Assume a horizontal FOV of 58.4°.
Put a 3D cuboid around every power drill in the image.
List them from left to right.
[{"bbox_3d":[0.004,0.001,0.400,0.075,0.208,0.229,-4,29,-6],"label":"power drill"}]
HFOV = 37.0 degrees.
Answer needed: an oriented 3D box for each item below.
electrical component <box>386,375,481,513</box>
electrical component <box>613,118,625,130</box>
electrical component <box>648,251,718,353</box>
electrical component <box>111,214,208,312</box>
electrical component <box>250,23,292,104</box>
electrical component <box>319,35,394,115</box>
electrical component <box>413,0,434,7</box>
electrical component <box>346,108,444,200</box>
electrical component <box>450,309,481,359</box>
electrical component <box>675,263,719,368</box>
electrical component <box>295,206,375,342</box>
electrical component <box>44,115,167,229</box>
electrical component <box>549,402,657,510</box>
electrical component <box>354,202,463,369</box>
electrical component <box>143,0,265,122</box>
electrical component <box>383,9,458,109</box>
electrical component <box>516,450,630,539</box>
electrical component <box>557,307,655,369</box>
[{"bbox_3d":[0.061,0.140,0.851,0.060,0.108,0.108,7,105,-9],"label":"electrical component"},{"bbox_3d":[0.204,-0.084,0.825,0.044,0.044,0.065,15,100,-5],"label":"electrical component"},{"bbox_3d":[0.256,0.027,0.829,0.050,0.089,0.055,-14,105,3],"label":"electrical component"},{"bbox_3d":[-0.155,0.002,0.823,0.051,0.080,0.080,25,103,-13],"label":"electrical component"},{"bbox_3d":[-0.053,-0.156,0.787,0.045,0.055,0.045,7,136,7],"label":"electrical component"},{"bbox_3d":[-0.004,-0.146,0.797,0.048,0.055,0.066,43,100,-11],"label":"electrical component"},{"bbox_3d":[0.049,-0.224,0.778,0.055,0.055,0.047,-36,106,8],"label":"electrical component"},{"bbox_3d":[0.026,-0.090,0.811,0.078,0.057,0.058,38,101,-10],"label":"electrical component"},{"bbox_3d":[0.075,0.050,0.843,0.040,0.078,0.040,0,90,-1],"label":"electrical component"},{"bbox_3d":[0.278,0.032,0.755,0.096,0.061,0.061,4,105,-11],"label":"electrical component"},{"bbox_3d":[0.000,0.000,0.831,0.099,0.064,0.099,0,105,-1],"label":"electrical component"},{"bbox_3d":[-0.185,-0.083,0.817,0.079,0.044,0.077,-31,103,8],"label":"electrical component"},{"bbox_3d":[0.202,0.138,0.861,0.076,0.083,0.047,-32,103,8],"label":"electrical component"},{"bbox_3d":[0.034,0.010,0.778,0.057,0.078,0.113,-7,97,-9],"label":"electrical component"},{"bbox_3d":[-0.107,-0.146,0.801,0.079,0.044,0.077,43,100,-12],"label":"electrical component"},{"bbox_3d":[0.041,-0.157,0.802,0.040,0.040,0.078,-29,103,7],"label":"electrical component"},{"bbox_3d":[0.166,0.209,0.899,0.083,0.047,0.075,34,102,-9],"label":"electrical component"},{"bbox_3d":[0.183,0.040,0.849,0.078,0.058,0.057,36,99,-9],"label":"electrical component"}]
* * *
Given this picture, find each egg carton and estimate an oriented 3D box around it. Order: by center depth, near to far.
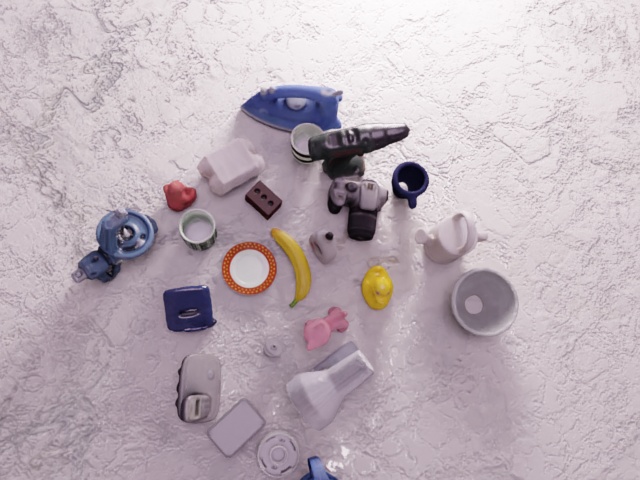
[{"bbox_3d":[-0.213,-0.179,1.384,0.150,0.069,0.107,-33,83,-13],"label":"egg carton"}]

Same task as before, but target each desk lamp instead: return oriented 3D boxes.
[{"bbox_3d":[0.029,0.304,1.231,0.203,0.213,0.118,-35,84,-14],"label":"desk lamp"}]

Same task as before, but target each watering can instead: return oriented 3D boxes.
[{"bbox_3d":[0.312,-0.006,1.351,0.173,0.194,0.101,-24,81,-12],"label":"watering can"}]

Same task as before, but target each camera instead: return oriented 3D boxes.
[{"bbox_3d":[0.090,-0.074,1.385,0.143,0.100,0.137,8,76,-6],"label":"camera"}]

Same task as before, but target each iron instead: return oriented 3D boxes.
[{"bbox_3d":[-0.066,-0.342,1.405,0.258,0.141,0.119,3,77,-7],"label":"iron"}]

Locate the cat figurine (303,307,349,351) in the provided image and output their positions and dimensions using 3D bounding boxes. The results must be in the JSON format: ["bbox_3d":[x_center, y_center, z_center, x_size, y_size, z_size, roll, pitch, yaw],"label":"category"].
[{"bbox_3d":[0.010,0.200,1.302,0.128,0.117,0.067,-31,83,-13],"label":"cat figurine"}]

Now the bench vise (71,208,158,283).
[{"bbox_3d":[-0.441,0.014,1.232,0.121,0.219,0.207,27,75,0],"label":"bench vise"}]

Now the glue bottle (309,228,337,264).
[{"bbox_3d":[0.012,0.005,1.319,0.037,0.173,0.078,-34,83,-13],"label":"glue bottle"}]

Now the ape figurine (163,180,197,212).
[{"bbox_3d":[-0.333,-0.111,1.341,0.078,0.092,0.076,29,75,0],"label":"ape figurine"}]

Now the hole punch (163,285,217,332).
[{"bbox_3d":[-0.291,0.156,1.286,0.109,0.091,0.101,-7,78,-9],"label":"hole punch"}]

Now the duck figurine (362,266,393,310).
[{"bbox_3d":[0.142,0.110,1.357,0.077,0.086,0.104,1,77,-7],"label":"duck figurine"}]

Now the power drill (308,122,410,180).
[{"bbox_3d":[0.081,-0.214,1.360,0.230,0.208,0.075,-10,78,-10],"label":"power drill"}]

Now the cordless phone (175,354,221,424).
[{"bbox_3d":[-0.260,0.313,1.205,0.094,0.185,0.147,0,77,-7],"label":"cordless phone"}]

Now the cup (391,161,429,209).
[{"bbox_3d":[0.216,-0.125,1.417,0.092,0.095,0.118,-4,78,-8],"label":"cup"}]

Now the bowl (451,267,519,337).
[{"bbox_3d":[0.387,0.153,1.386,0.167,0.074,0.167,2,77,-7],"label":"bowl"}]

> [What is being asked]
Among the entries above, copy exactly only the lines starting with the one containing "Assume a horizontal FOV of 58.4°." and going through the one containing "electrical component <box>516,450,630,539</box>", both ends included.

> [Solution to the exercise]
Assume a horizontal FOV of 58.4°.
Put a 3D cuboid around every power drill in the image.
List them from left to right.
[{"bbox_3d":[0.004,0.001,0.400,0.075,0.208,0.229,-4,29,-6],"label":"power drill"}]
HFOV = 37.0 degrees.
Answer needed: an oriented 3D box for each item below.
electrical component <box>386,375,481,513</box>
electrical component <box>613,118,625,130</box>
electrical component <box>648,251,718,353</box>
electrical component <box>111,214,208,312</box>
electrical component <box>250,23,292,104</box>
electrical component <box>319,35,394,115</box>
electrical component <box>413,0,434,7</box>
electrical component <box>346,108,444,200</box>
electrical component <box>450,309,481,359</box>
electrical component <box>675,263,719,368</box>
electrical component <box>295,206,375,342</box>
electrical component <box>44,115,167,229</box>
electrical component <box>549,402,657,510</box>
electrical component <box>354,202,463,369</box>
electrical component <box>143,0,265,122</box>
electrical component <box>383,9,458,109</box>
electrical component <box>516,450,630,539</box>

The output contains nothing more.